Wherever the string "screenshot" shows up in the data below, copy the whole line.

[Data extracted from a collection]
________________________________________
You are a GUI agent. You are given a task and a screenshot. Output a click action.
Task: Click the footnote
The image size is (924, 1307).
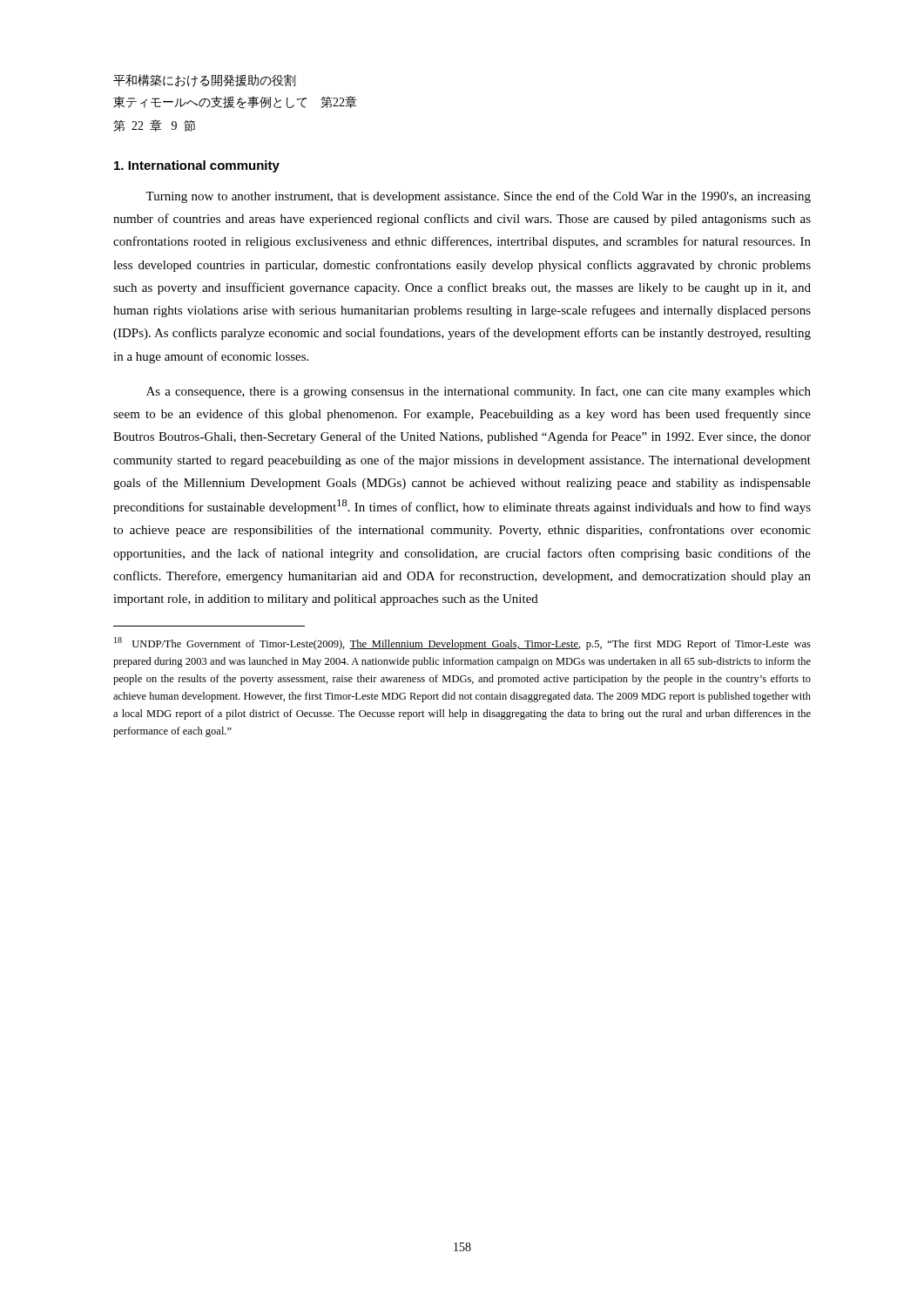462,686
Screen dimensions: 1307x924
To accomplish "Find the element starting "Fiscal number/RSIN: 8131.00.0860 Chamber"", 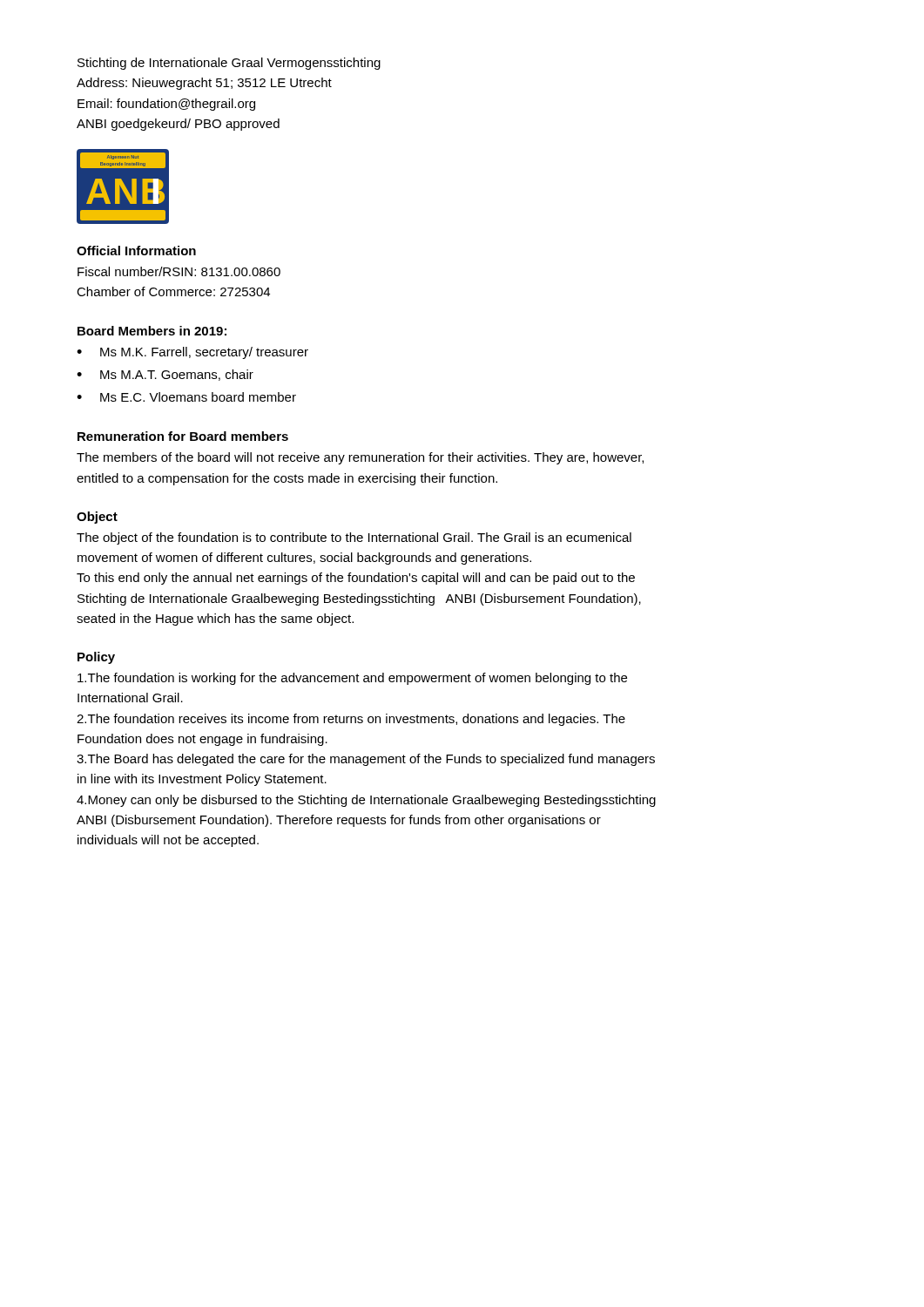I will (179, 282).
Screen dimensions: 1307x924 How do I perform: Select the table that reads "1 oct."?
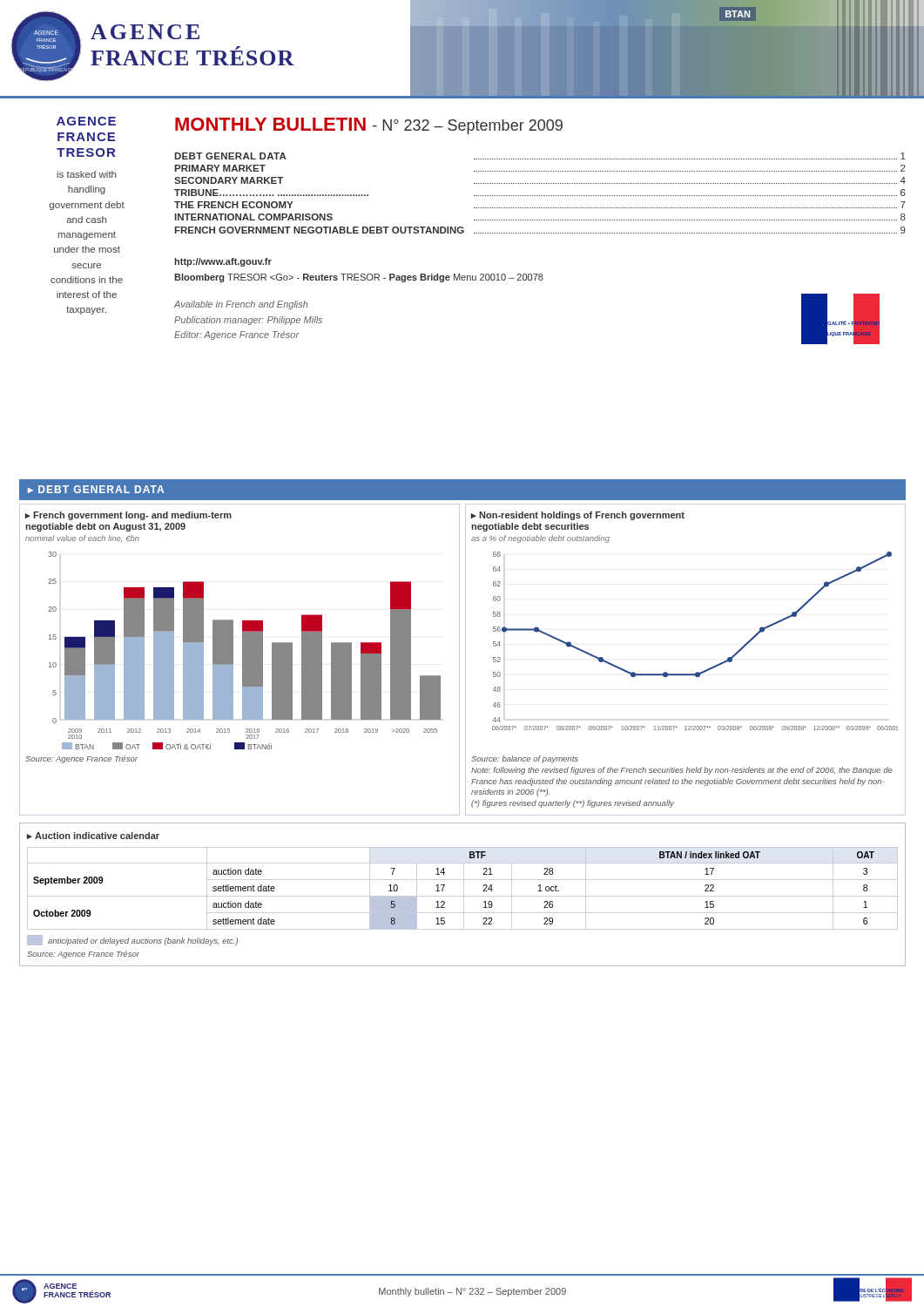tap(462, 888)
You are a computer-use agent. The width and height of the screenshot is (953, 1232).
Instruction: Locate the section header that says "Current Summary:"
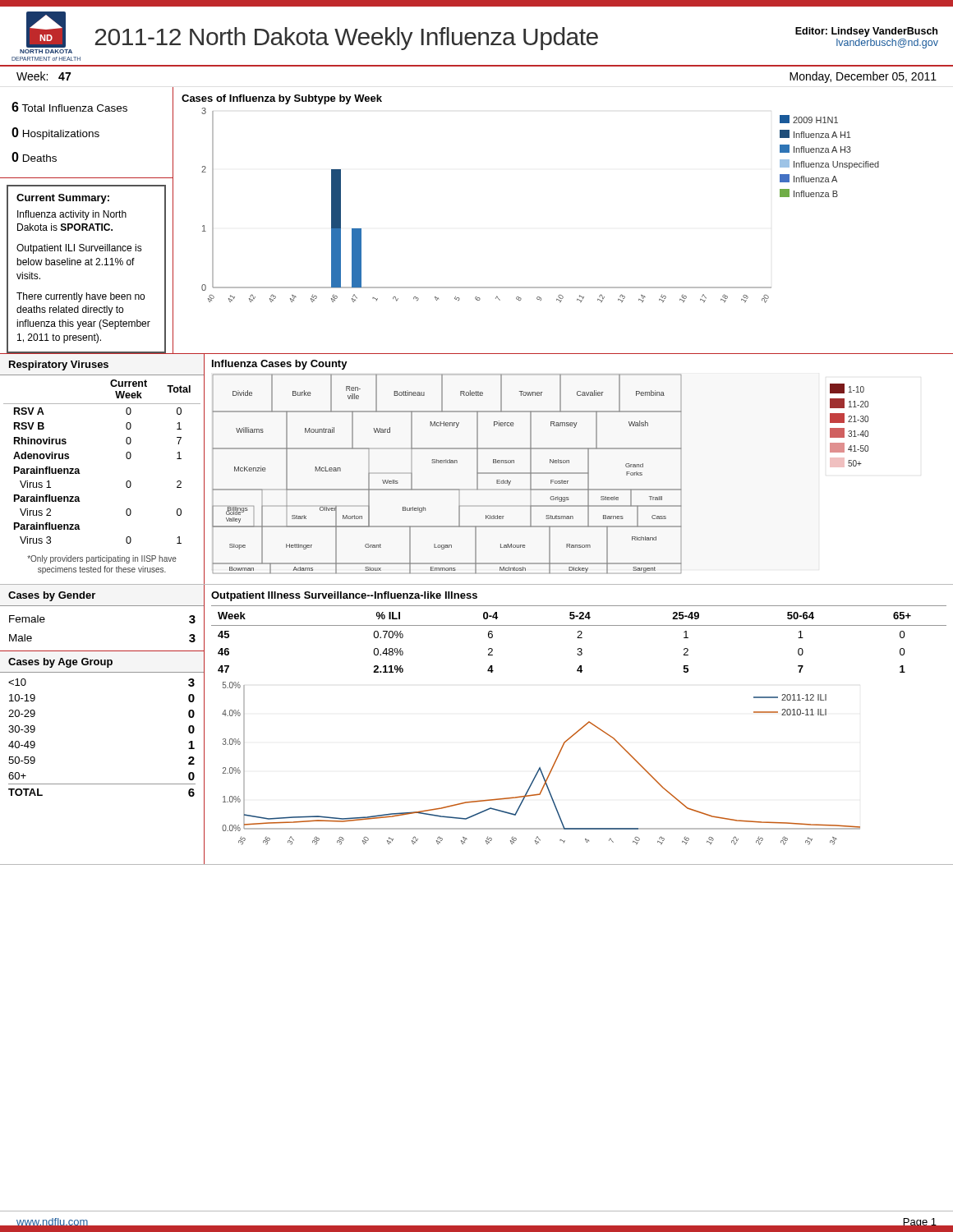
________________________________________
RESULT:
You are a GUI agent. You are given a task and a screenshot. Output a click action.
You are a computer-use agent. The width and height of the screenshot is (953, 1232).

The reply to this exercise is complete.